League of California Cities logoThe U.S. Supreme Court on April 12 issued a unanimous decision in Sheetz v. El Dorado County, a case involving development impact fees. The court found that such fees may violate the Fifth Amendment if they do not have an “essential nexus” to the government’s land use interest and “rough proportionality” to the development’s impact on that interest. It determined that impact fees are not exempt from these requirements merely because they are legislatively enacted.

Cal Cities filed an amicus brief with other local government associations in support of the county. Many cities — particularly in California — rely on these fees to pay for new roads and other public infrastructure and facilities related to new development.

Case background

The legal challenge arose after George Sheetz, an El Dorado County resident, sought a permit to build a small, prefabricated home on his rural residential lot. Sheetz had to pay a $23,420 traffic impact mitigation fee to obtain the permit.

Sheetz paid the fee under protest and then challenged it in state court. He claimed that conditioning the building permit on a traffic impact fee was an unlawful “exaction” — a violation of the Fifth Amendment’s Takings Clause. The provision requires public agencies to provide owners with “just compensation” when seizing their property for public use. It also prohibits agencies from imposing unconstitutional conditions on land-use permits.

According to Sheetz, prior federal court decisions required the county’s impact fee to have an essential nexus to a government land use purpose and be roughly proportional to the development impacts. He argued the county had to make an individualized determination that the fee amount was necessary to offset traffic congestion caused by his property’s development.

A state court rejected the claim, relying on precedent from the California Supreme Court. It found the nexus and rough proportionality requirement only applied to permit conditions imposed on an ad hoc basis — not fees imposed on a broad class of property owners through legislative action. The U.S. Supreme Court granted a review of the case last fall.

What did the Cal Cities brief say?

Cal Cities and other local government associations argued that limiting a new development’s contribution to public infrastructure would unfairly burden taxpayers, who already fund the infrastructure. It further explained that impact fees are a critical means to recoup some of the costs associated with the infrastructure. The brief also argued that legislatively enacted development impact fees are not equivalent to eminent domain and thus are not a “taking” under the Fifth Amendment.

Supreme Court decision

The Supreme Court recognized the state’s authority to regulate land use and condition a building permit to further a “legitimate police-power purpose.” However, it noted that withholding or conditioning a building permit for unrelated reasons amounts to “extortion.” The court outlined a two-part test developed through case law to address potential abuse of the permitting process.

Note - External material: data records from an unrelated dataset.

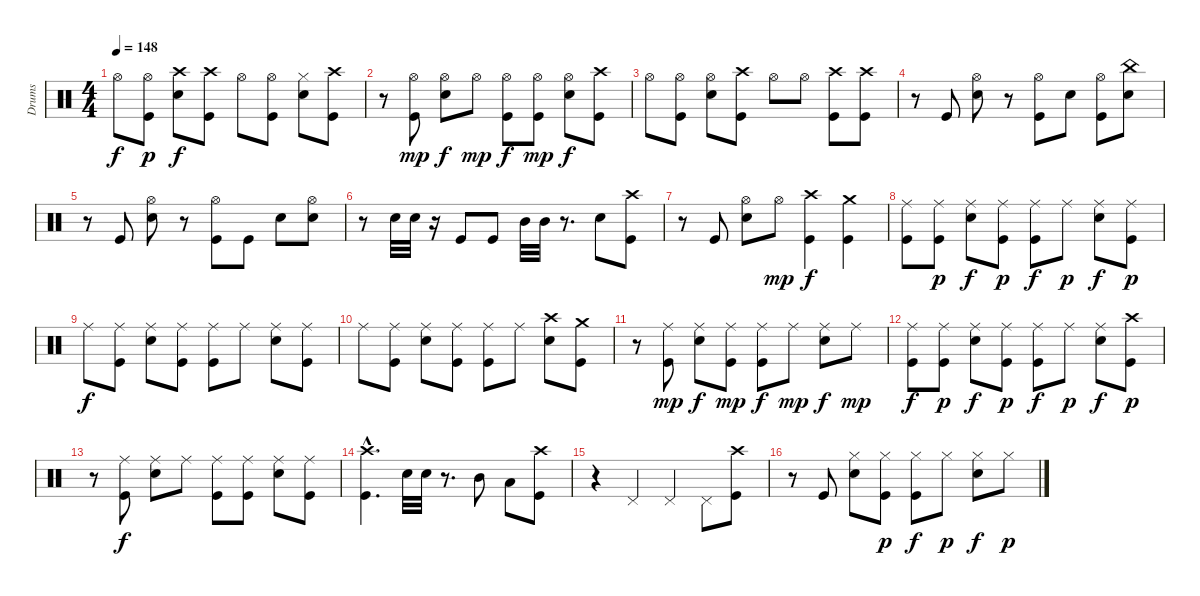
\track ("Drums" "Drums") {instrument percussion}
\staff {score}
\articulation defaults
\ts (4 4)
\tempo 148
\clef neutral
\ks c "Hi-Hat (open)".8{dy f}
("Hi-Hat (open)" "Kick (hit)").8{dy p} ("Crash high (hit)" "Snare (hit) 2").8{dy f} ("Crash high (hit)" "Kick (hit)").8 "Hi-Hat (open)".8 ("Hi-Hat (open)" "Kick (hit)").8 ("Hi-Hat (closed)" "Snare (hit) 2").8 ("Crash high (hit)" "Kick (hit)").8 |
r.8 ("Hi-Hat (open)" "Kick (hit)").8{dy mp} ("Hi-Hat (open)" "Snare (hit) 2").8{dy f} "Hi-Hat (open)".8{dy mp} ("Hi-Hat (open)" "Kick (hit)").8{dy f} ("Hi-Hat (open)" "Kick (hit)").8{dy mp} ("Hi-Hat (open)" "Snare (hit) 2").8{dy f} ("Crash high (hit)" "Kick (hit)").8 |
"Hi-Hat (open)".8 ("Hi-Hat (open)" "Kick (hit)").8 ("Hi-Hat (open)" "Snare (hit) 2").8 ("Crash high (hit)" "Kick (hit)").8 "Hi-Hat (open)".8 "Hi-Hat (open)".8 ("Crash high (hit)" "Kick (hit)").8 ("Crash high (hit)" "Kick (hit)").8 |
r.8 "Kick (hit)".8 ("Hi-Hat (open)" "Snare (hit) 2").8 r.8 ("Hi-Hat (open)" "Kick (hit)").8 "Snare (hit) 2".8 ("Hi-Hat (open)" "Kick (hit)").8 ("China (hit)" "Snare (hit) 2").8 |
r.8 "Kick (hit)".8 ("Hi-Hat (open)" "Snare (hit) 2").8 r.8 ("Hi-Hat (open)" "Kick (hit)").8 "Kick (hit)".8 "Snare (hit) 2".8 ("Hi-Hat (open)" "Snare (hit) 2").8 |
r.8 "Snare (hit) 2".32 "Snare (hit) 2".32 r.16 "Kick (hit)".8 "Kick (hit)".8 "Mid Tom (hit)".32 "Mid Tom (hit)".32 r.8{d} "Snare (hit) 2".8 ("Crash high (hit)" "Kick (hit)").8 |
r.8 "Kick (hit)".8 ("Hi-Hat (open)" "Snare (hit) 2").8 "Hi-Hat (open)".8{dy mp} ("Crash high (hit)" "Kick (hit)").4{dy f} ("Crash medium (hit)" "Kick (hit)").4 |
("Ride (middle)" "Kick (hit)").8 ("Ride (middle)" "Kick (hit)").8{dy p} ("Ride (middle)" "Snare (hit) 2").8{dy f} ("Ride (middle)" "Kick (hit)").8{dy p} ("Ride (middle)" "Kick (hit)").8{dy f} "Ride (middle)".8{dy p} ("Ride (middle)" "Snare (hit) 2").8{dy f} ("Ride (middle)" "Kick (hit)").8{dy p} |
"Ride (middle)".8{dy f} ("Ride (middle)" "Kick (hit)").8 ("Ride (middle)" "Snare (hit) 2").8 ("Ride (middle)" "Kick (hit)").8 ("Ride (middle)" "Kick (hit)").8 "Ride (middle)".8 ("Ride (middle)" "Snare (hit) 2").8 ("Ride (middle)" "Kick (hit)").8 |
"Ride (middle)".8 ("Ride (middle)" "Kick (hit)").8 ("Ride (middle)" "Snare (hit) 2").8 ("Ride (middle)" "Kick (hit)").8 ("Ride (middle)" "Kick (hit)").8 "Ride (middle)".8 ("Crash high (hit)" "Snare (hit) 2").8 ("Crash medium (hit)" "Kick (hit)").8 |
r.8 ("Ride (middle)" "Kick (hit)").8{dy mp} ("Ride (middle)" "Snare (hit) 2").8{dy f} ("Ride (middle)" "Kick (hit)").8{dy mp} ("Ride (middle)" "Kick (hit)").8{dy f} "Ride (middle)".8{dy mp} ("Ride (middle)" "Snare (hit) 2").8{dy f} "Ride (middle)".8{dy mp} |
("Ride (middle)" "Kick (hit)").8{dy f} ("Ride (middle)" "Kick (hit)").8{dy p} ("Ride (middle)" "Snare (hit) 2").8{dy f} ("Ride (middle)" "Kick (hit)").8{dy p} ("Ride (middle)" "Kick (hit)").8{dy f} "Ride (middle)".8{dy p} ("Ride (middle)" "Snare (hit) 2").8{dy f} ("Crash high (hit)" "Kick (hit)").8{dy p} |
r.8 ("Ride (middle)" "Kick (hit)").8{dy f} ("Ride (middle)" "Snare (hit) 2").8 "Ride (middle)".8 ("Ride (middle)" "Kick (hit)").8 ("Ride (middle)" "Kick (hit)").8 ("Ride (middle)" "Snare (hit) 2").8 ("Ride (middle)" "Kick (hit)").8 |
("Crash high (hit)"{hac} "Kick (hit)"{hac}).4{d} "Snare (hit) 2".32 "Snare (hit) 2".32 r.8{d} "Mid Tom (hit)".8 "Low Tom (hit)".8 ("Crash high (hit)" "Kick (hit)").8 |
r.4 "Pedal Hi-Hat (hit)".4 "Pedal Hi-Hat (hit)".4 "Pedal Hi-Hat (hit)".8 ("Crash high (hit)" "Kick (hit)").8 |
r.8 "Kick (hit)".8 ("Hi-Hat (closed)" "Snare (hit) 2").8 ("Hi-Hat (closed)" "Kick (hit)").8{dy p} ("Hi-Hat (closed)" "Kick (hit)").8{dy f} "Hi-Hat (closed)".8{dy p} ("Hi-Hat (closed)" "Snare (hit) 2").8{dy f} "Hi-Hat (closed)".8{dy p}

“First, the permit conditions must have an ‘essential nexus’ to the government’s land use interest, ensuring that the government is acting to further its stated purpose, not leveraging its permitting monopoly to exact private property without paying for it,” wrote Justice Amy Coney Barrett for the court. “Second, permit conditions must have ‘rough proportionality’ to the development’s impact on the land-use interest and may not require a landowner to give up (or pay) more than is necessary to mitigate harms resulting from new development.”

The Supreme Court noted that nothing in constitutional text, history, or precedent supported exempting legislatively enacted fees from such review. The court did not determine the validity of the county’s impact fee in this case, or the degree of specificity required when tailoring an impact fee. Instead, it sent the case back to the state court for further proceedings.

Members of the Cal Cities City Attorneys Department are meeting to discuss this case and its impacts on cities. Cities with questions about the specific impact of the case should consult their city attorney.